If you are a young person wanting to join the goth scene and understand what’s it about and how it sounds, you’re going to be pretty bewildered. Especially when no one can agree what goth music is and who gets to join the accepted list of bands.
But there’s is a better way, and to see how it could be we just need to look at another post-punk scene – jardcore. You may not have noticed but hardcore is massive now. It’s so massive, so popular, that there are multiple festivals all over the UK, in Newcastle (Phazed Out), Manchester (Outbreak) and more dedicated to just this genre. Knocked Loose just released their latest album ‘You won’t go before you’re supposed to’ and it’s already breaking records with critics and listeners both loving it. It even sounds a bit goth, with Bryan Garris’s ever anxious and perilous screams over blast after blast of negative hardcore.
But it wasn’t always this popular. Hardcore started in the early 80s with the main pioneers Minor Threat, Black Flag and Discharge amongst others. In the mid 80s Ian McKaye dissolved Minor Threat and said ‘hardcore had already become too stale, too repetitive and too focused on aggression’ and formed post-hardcore band Fugazi as a reaction.
The hardcore community could have just moved on – but they didn’t! The bands kept going, the community got stronger and hardcore didn’t die. Newer bands kept evolving the sound beyond all odds, until you get where we are today with hardcore dominating every related music genre before it. Pretty much all new metal bands are actually just a derivative of hardcore now. Bring Me The Horizon, Spiritbox, Sleep Token, all were inspired by hardcore more than metal! Loathe, Knocked Loose, half of Download’s main lineup, bands like Fall Out Boy, Avenged Sevenfold, Code Orange, Bad Imens, Wargasm, Holding Absence… all were inspired by hardcore or in other cases actual former hardcore bands.
And yet, goth won’t even claim Creeper – the biggest goth band in the Whitby line up – because they were formally an emo band and not started in the 80s. If you told any hardcore fan now they should accept their music was merely post punk, they would laugh in your face! Hardcore is everywhere and its fans would never accept being reduced into something as weak as post punk.

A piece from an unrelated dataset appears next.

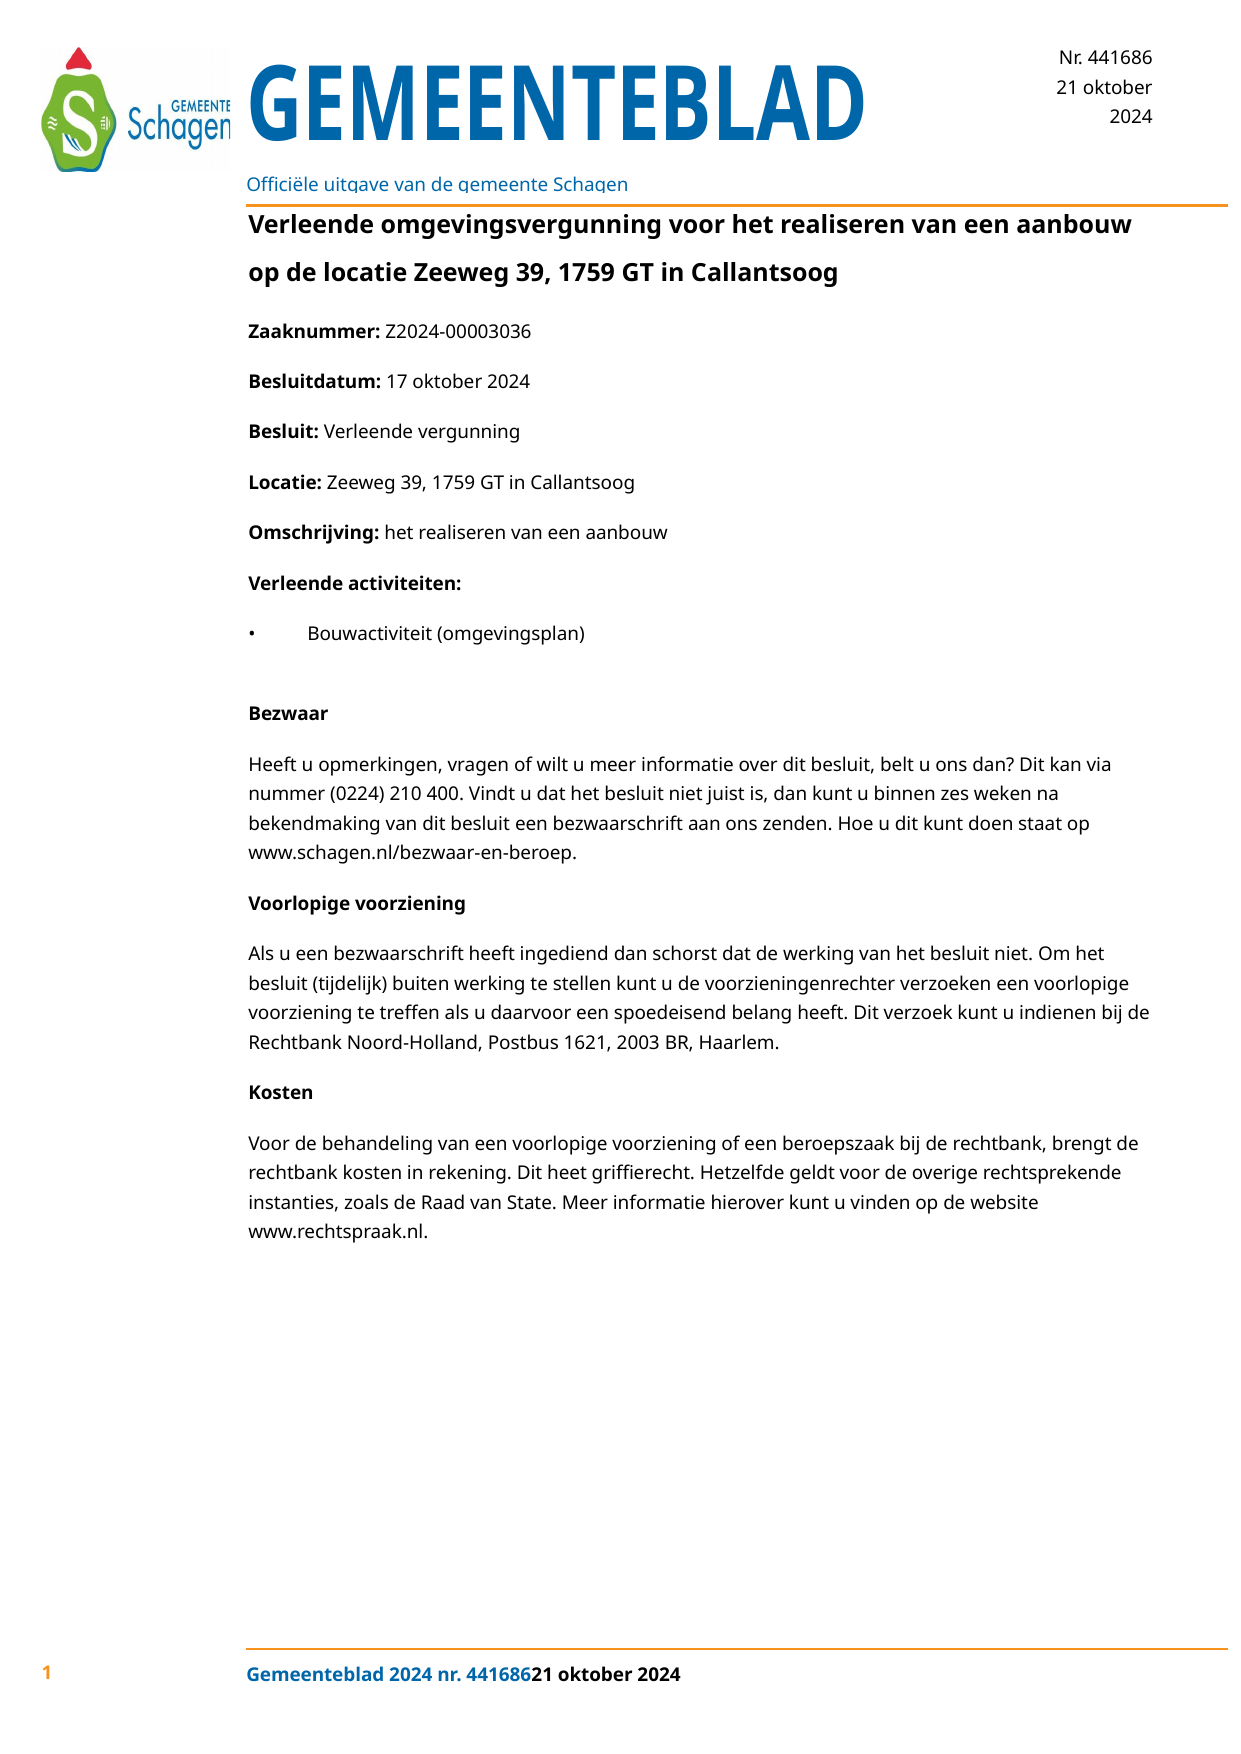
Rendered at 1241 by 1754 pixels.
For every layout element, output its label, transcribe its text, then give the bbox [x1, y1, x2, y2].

Hardcore achieved its current world domination through a community that never quit, was proud of hardcore and colonised other music to such an extent it is now ubiquitous and bigger than metal. Goth can do the same, but only when the community takes back its founders like Joy Division and Siouxsie, rejects the post punk label and enthusiastically embraces bands like Creeper to take forward the genre to new audiences.
Say it now – Joy Division is goth! Feels good now, doesn’t it?